Defines a chat prompt template for interacting with the language model.

### **15. Initializing Output Parser**

In [21]:
from langchain_core.output_parsers import StrOutputParser

output_parser = StrOutputParser()

Initializes an output parser to handle the model's response.

### **16. Initializing Google Generative AI Chat Model**

In [23]:
from langchain_google_genai import ChatGoogleGenerativeAI

llm = ChatGoogleGenerativeAI(
    model="gemini-2.0-flash-exp",
    temperature=0.7)

Initializes a Google Generative AI chat model for generating responses.

### **17. Building RAG Chain**

In [24]:
from langchain_core.runnables import RunnablePassthrough

def format_docs(docs):
    return "\n\n".join(doc.page_content for doc in docs)


rag_chain = (
    {"context": retriever | format_docs, "question": RunnablePassthrough()}
    | chat_template
    | llm
    | output_parser
)

Builds a Retrieval Augmented Generation (RAG) chain for question answering.
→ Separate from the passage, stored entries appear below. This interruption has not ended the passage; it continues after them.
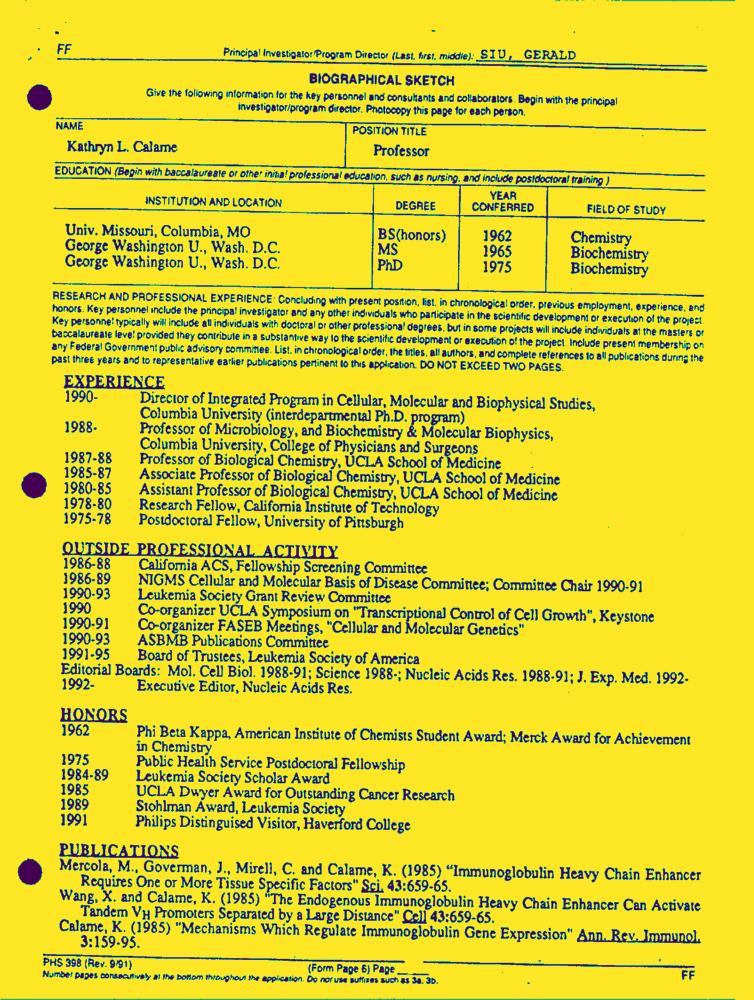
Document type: Resume-Doc
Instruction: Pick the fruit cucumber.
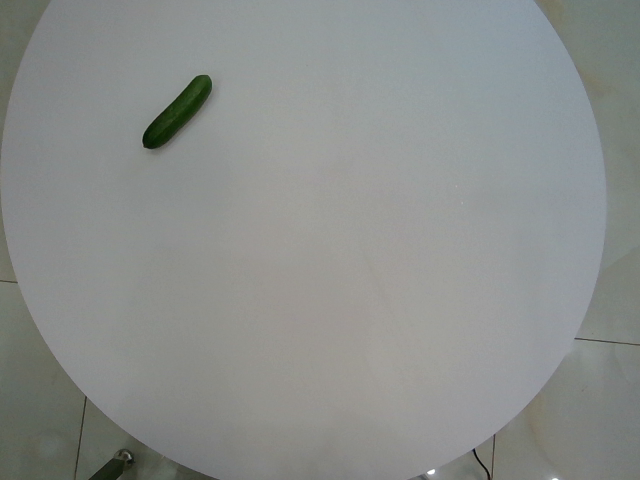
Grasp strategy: vertical
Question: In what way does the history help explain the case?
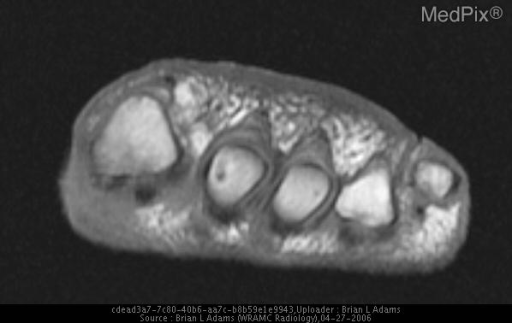
Answer: The patient's history of The patient is an 83-year-old, African-American woman with a history of diabetes mellitus, hypertension, hyperlipidemia, hepatitis C, and neurosyphilis, who was admitted to the hospital for worsening of a chronic, nonhealing, left-foot ulcer that had been followed closely by the Podiatry service with repeated debridements and courses of oral antibiotics.  On the current admission, the patient denied having had any fevers, chills, or feelings of malaise, but stated that her glycemic control had been poor. is key in understanding the case.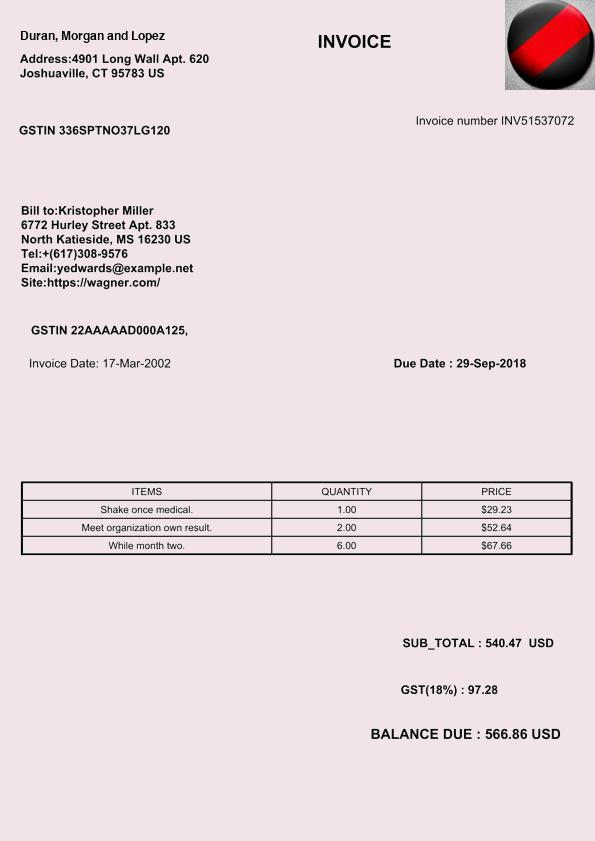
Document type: Invoice
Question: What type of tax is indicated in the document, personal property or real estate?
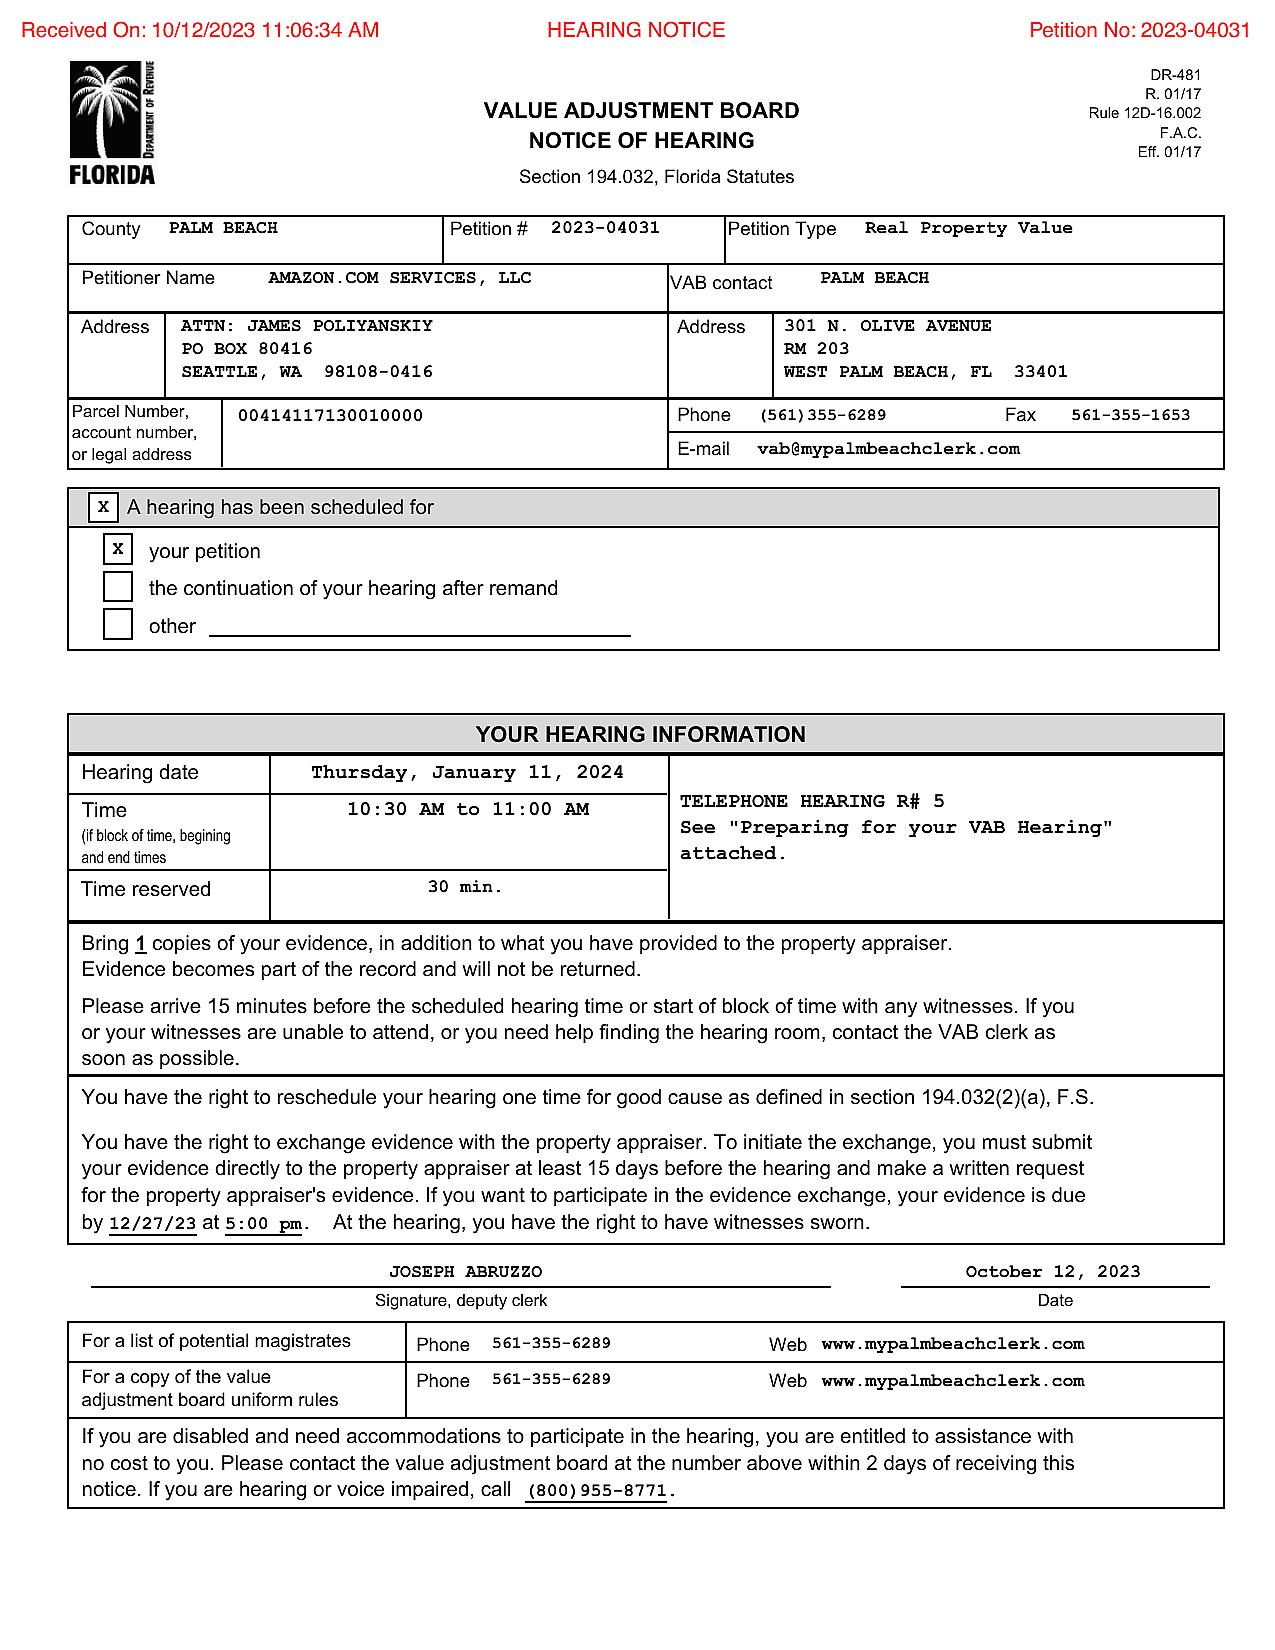
Answer: "Real Property Value"

### **18. Fetching Google API Key**

In [25]:
from google.colab import userdata

# Store the key in the variable 'GEMINI_API_KEY'
GOOGLE_API_KEY: str = userdata.get('GOOGLE_API_KEY')

# Check if key was sucessfully fetched
if GOOGLE_API_KEY:
  print(" API key fetched sucessfully ")
else:
  print("API key not found. Please set the 'GEMINI_API_KEY.")

 API key fetched sucessfully 


Retrieves the Google API key from user data.

### **19. Running the RAG Chain**

In [29]:

response = rag_chain.invoke("""Please summarize the 'Smart Shopping Assistant' dataset by providing the following details:
                                The total number of products categorized as 'in stock' and 'out of stock.'
                                Identify the product priced at $2190, and specify whether it is available or not.
                                """)

response

'Total Products In Stock: 659\nTotal Products Out of Stock: 741\nProduct priced at $2190: Product 214, Availability: Out of Stock\n'

Executes the RAG chain with a specific query and prints the response.